#### [TASK GOAL]
Look through the data that follows and copy each line with the string "Find".
*** Opening of AVAILABLE DATA ***
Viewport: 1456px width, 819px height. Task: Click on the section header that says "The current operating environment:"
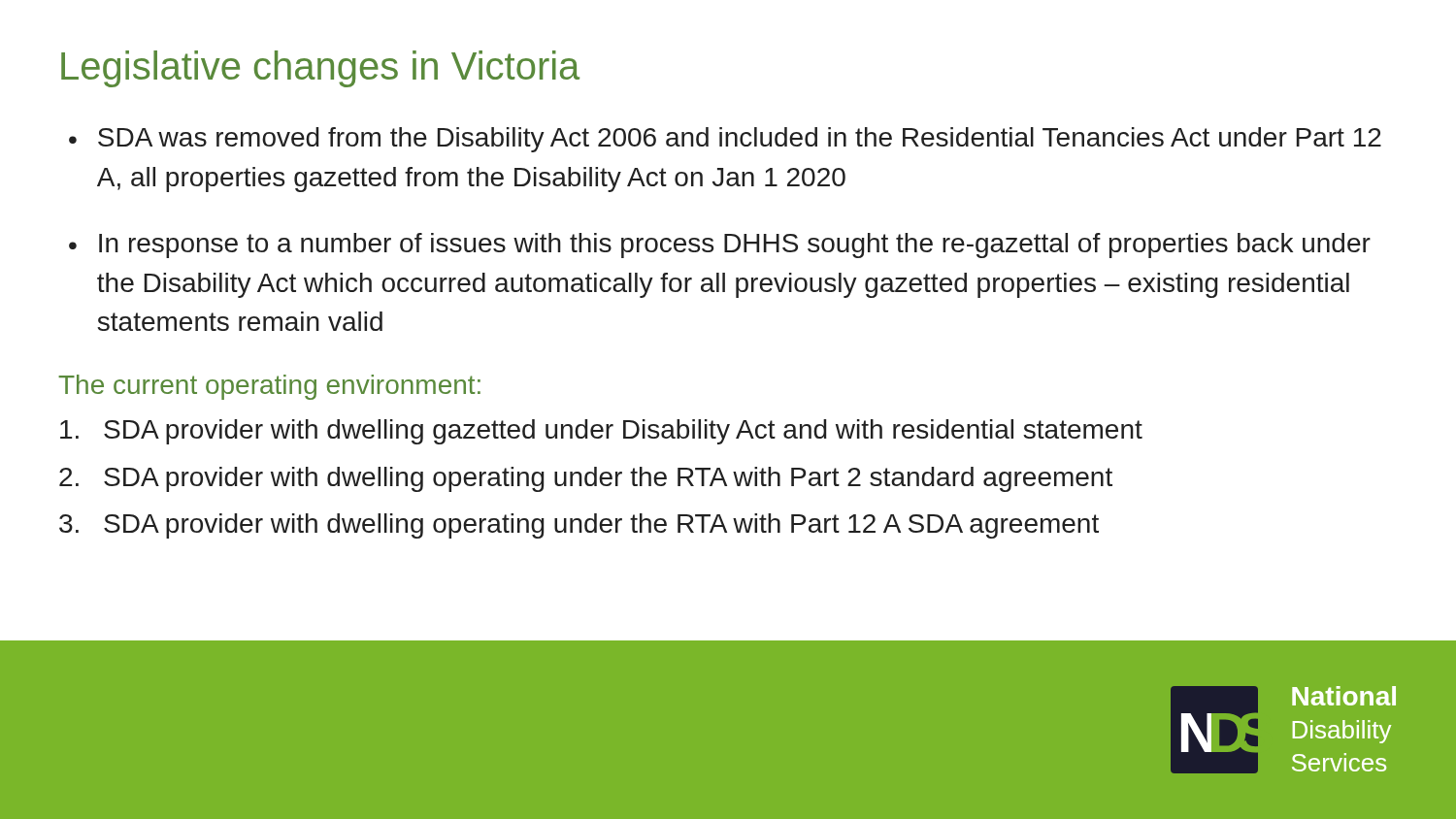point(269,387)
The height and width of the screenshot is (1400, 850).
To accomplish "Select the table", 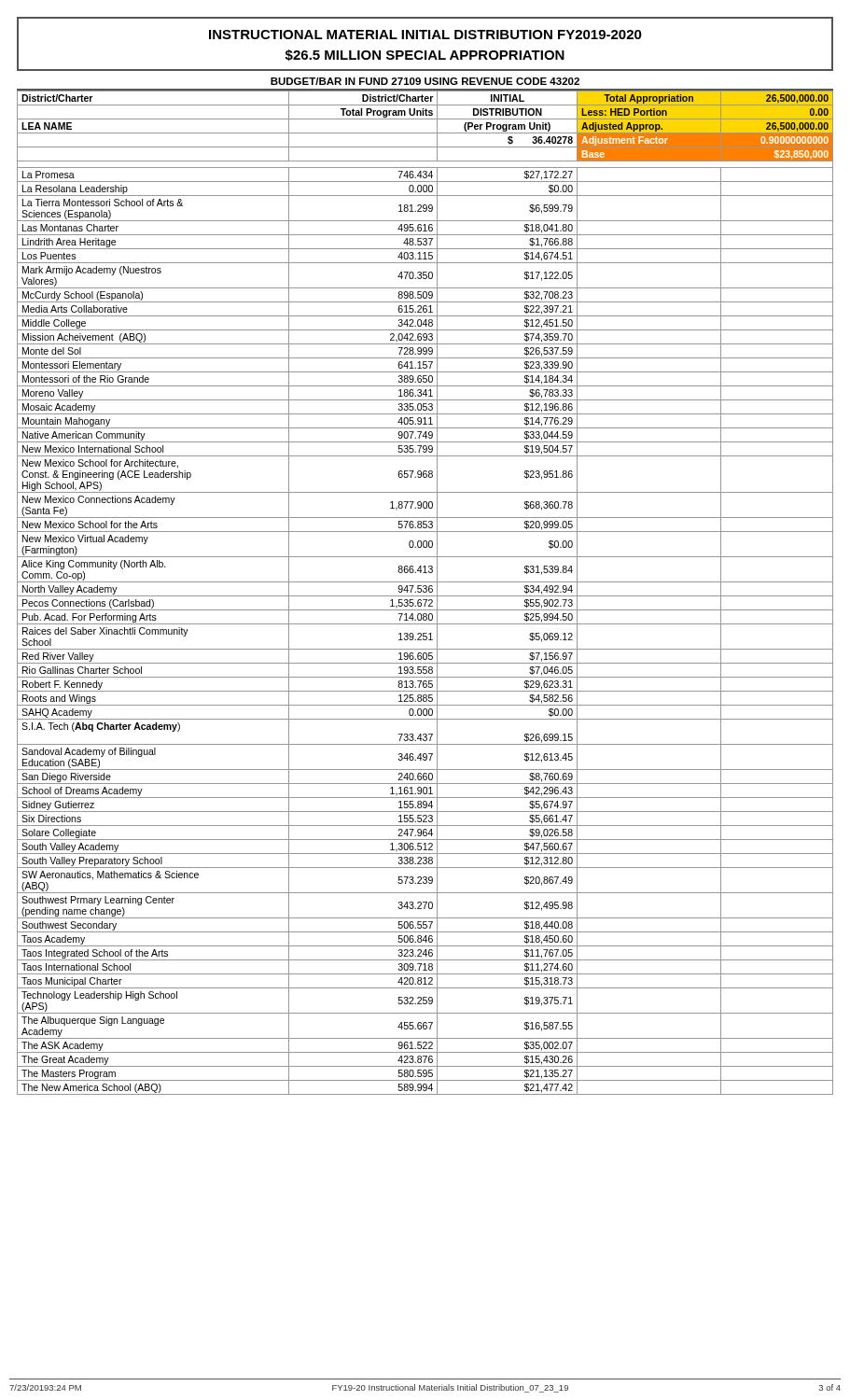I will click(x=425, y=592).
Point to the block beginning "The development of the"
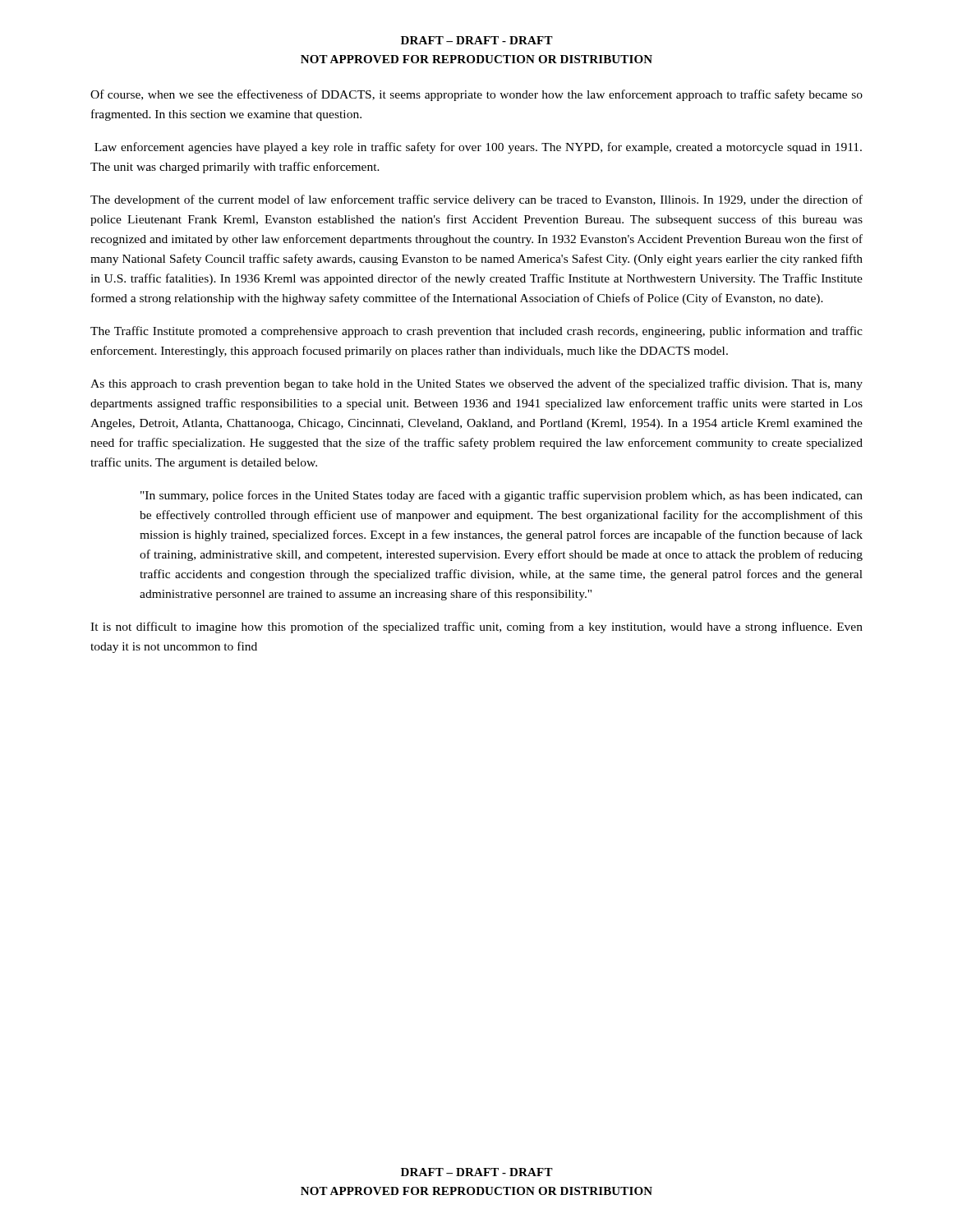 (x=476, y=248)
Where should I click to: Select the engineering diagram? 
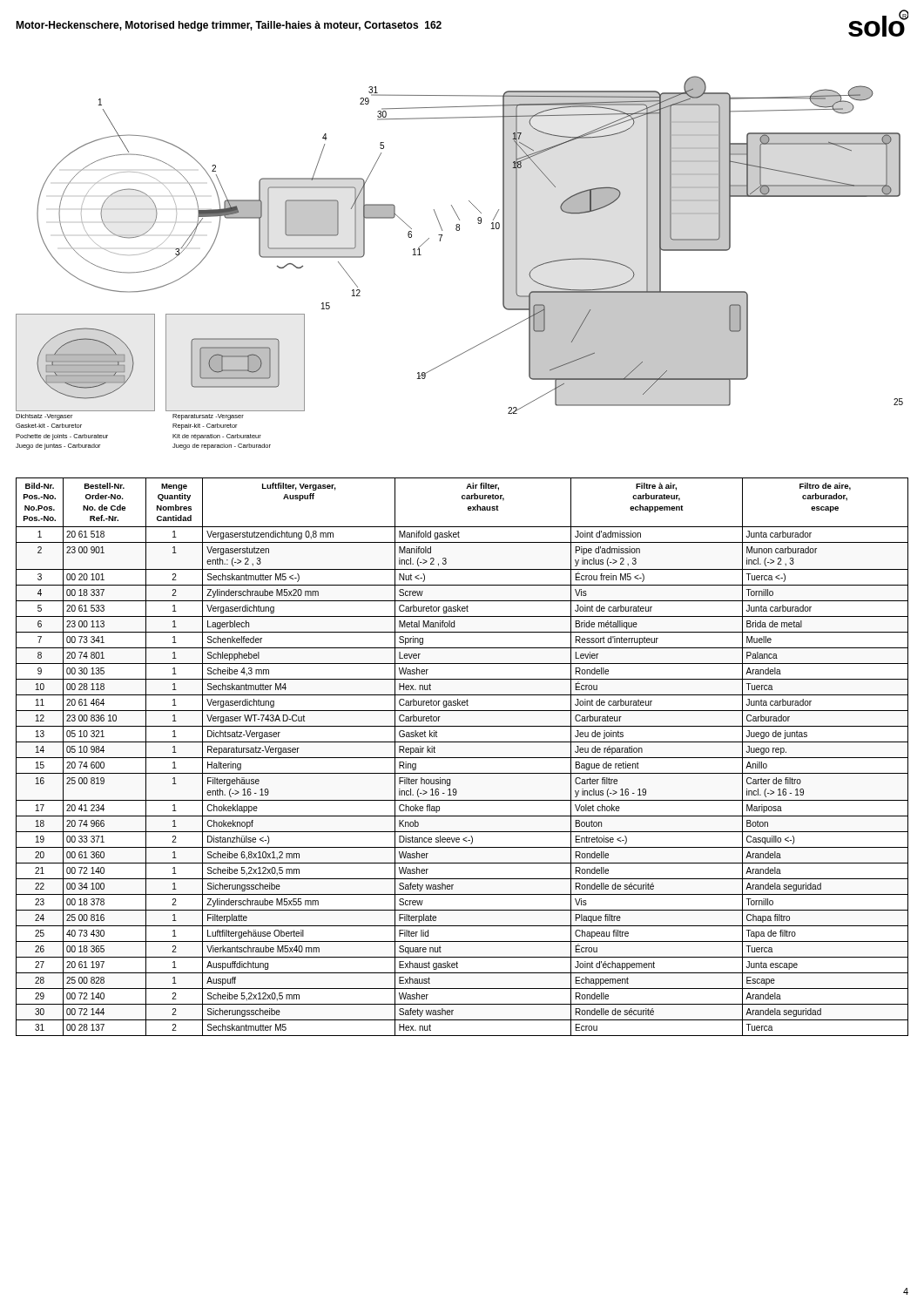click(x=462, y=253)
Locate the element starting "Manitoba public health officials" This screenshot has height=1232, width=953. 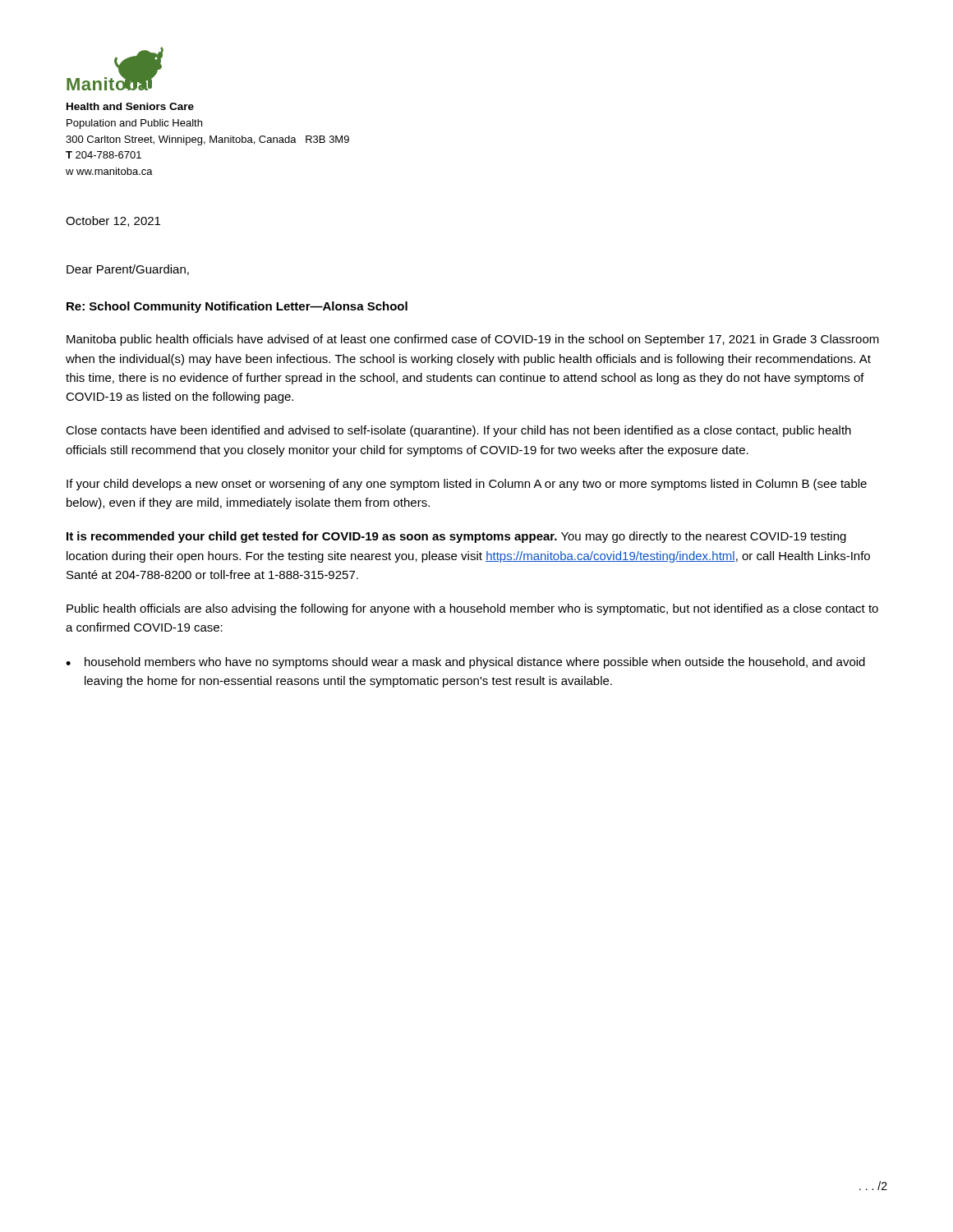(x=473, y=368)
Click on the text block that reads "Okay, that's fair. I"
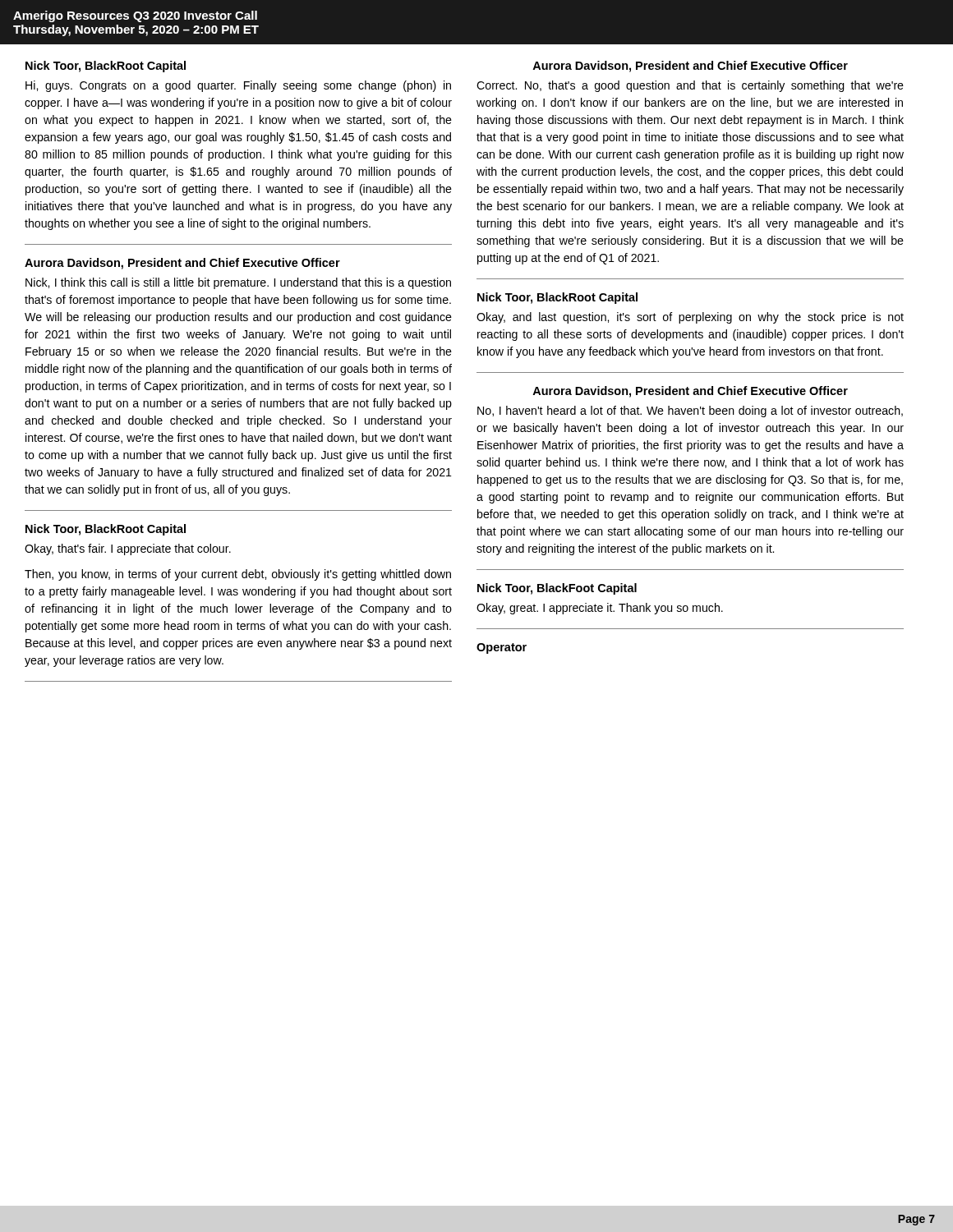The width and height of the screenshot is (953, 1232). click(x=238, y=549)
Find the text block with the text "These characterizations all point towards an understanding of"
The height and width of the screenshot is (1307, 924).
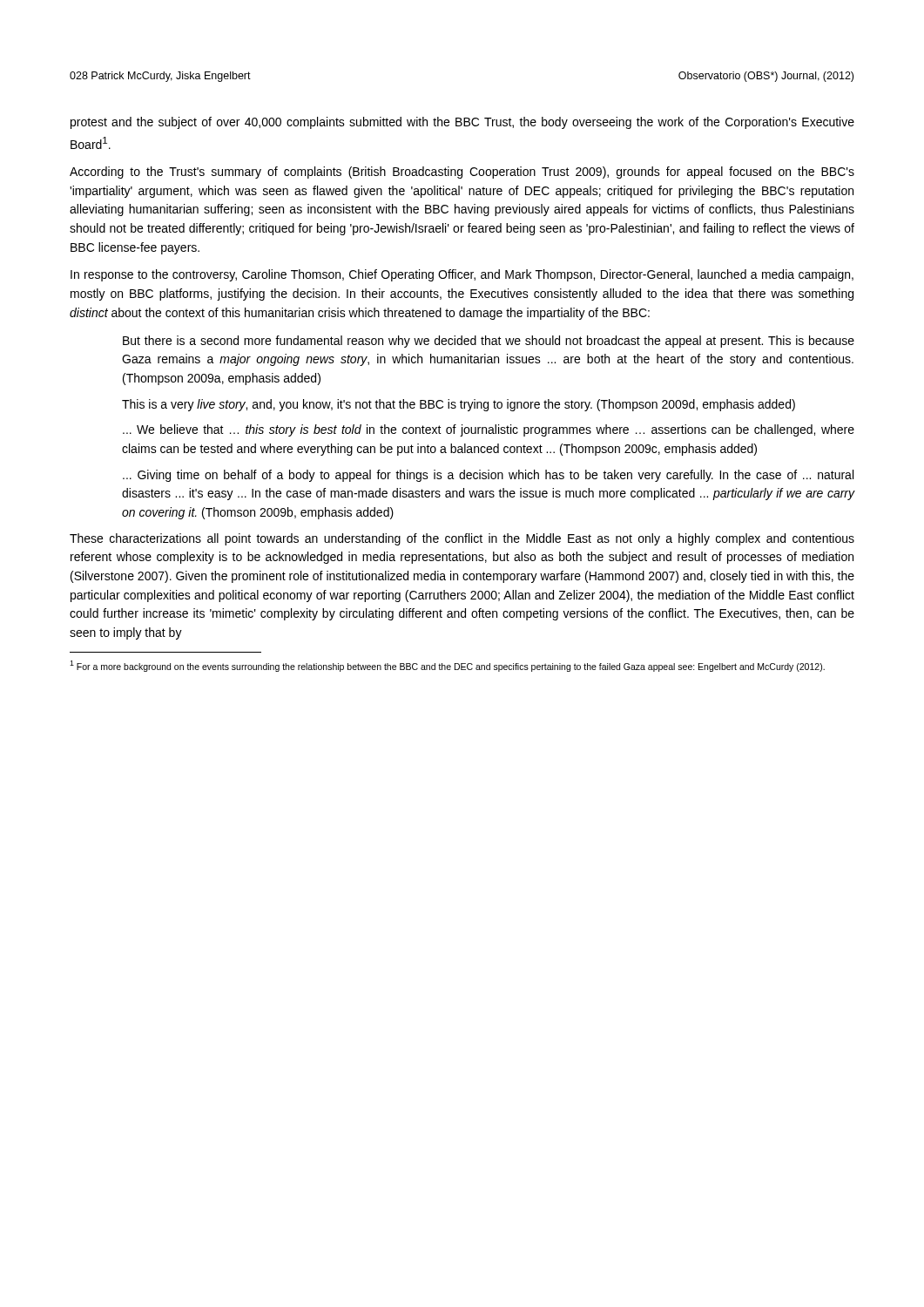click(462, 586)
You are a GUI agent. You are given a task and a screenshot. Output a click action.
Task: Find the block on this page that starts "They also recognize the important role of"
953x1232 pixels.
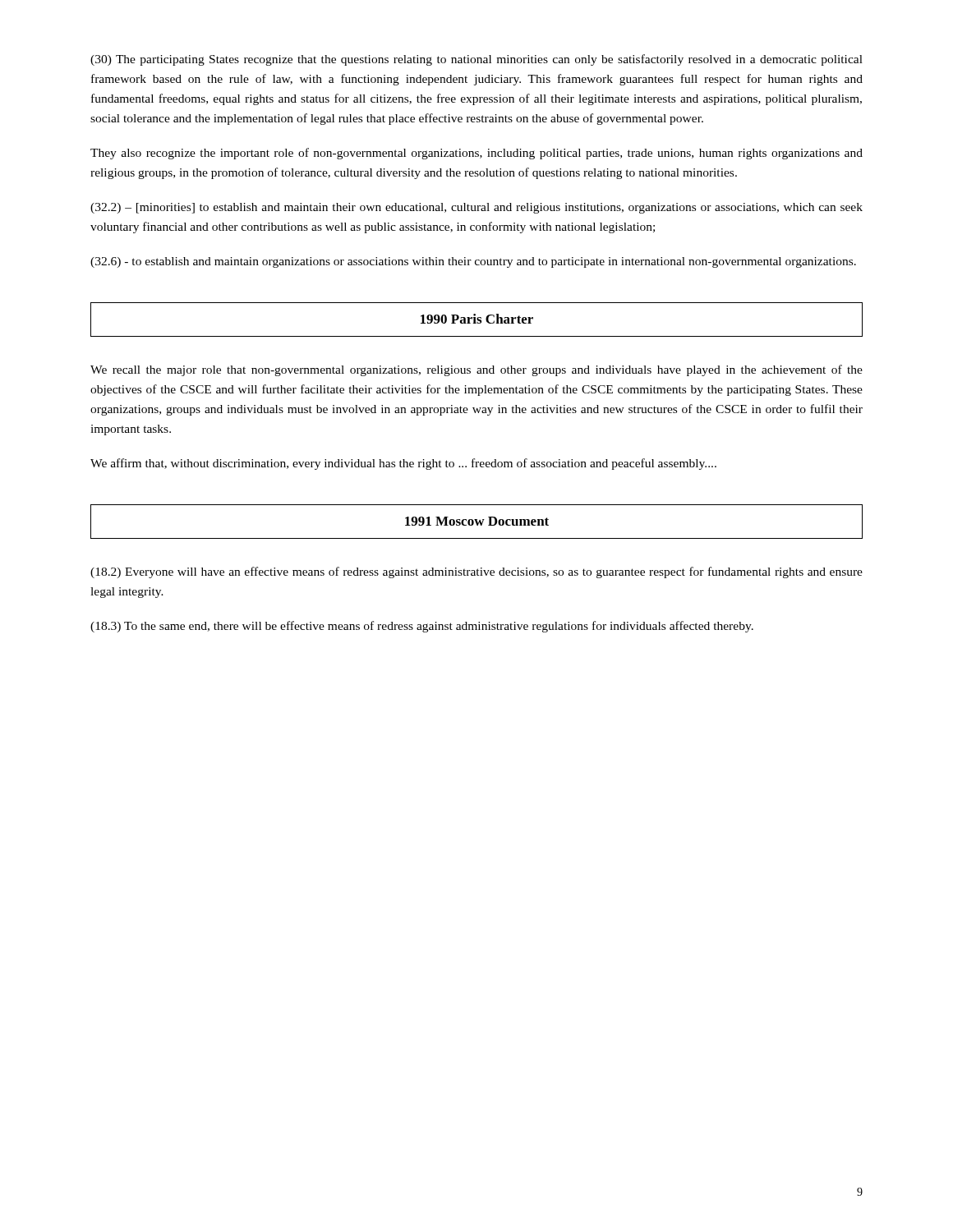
*** Close of AVAILABLE DATA ***
#### [WRITTEN ANSWER]
Find the text block with the text "These characterizations all point towards an understanding of"
Task: Find the block on this page that starts "They also recognize the important role of"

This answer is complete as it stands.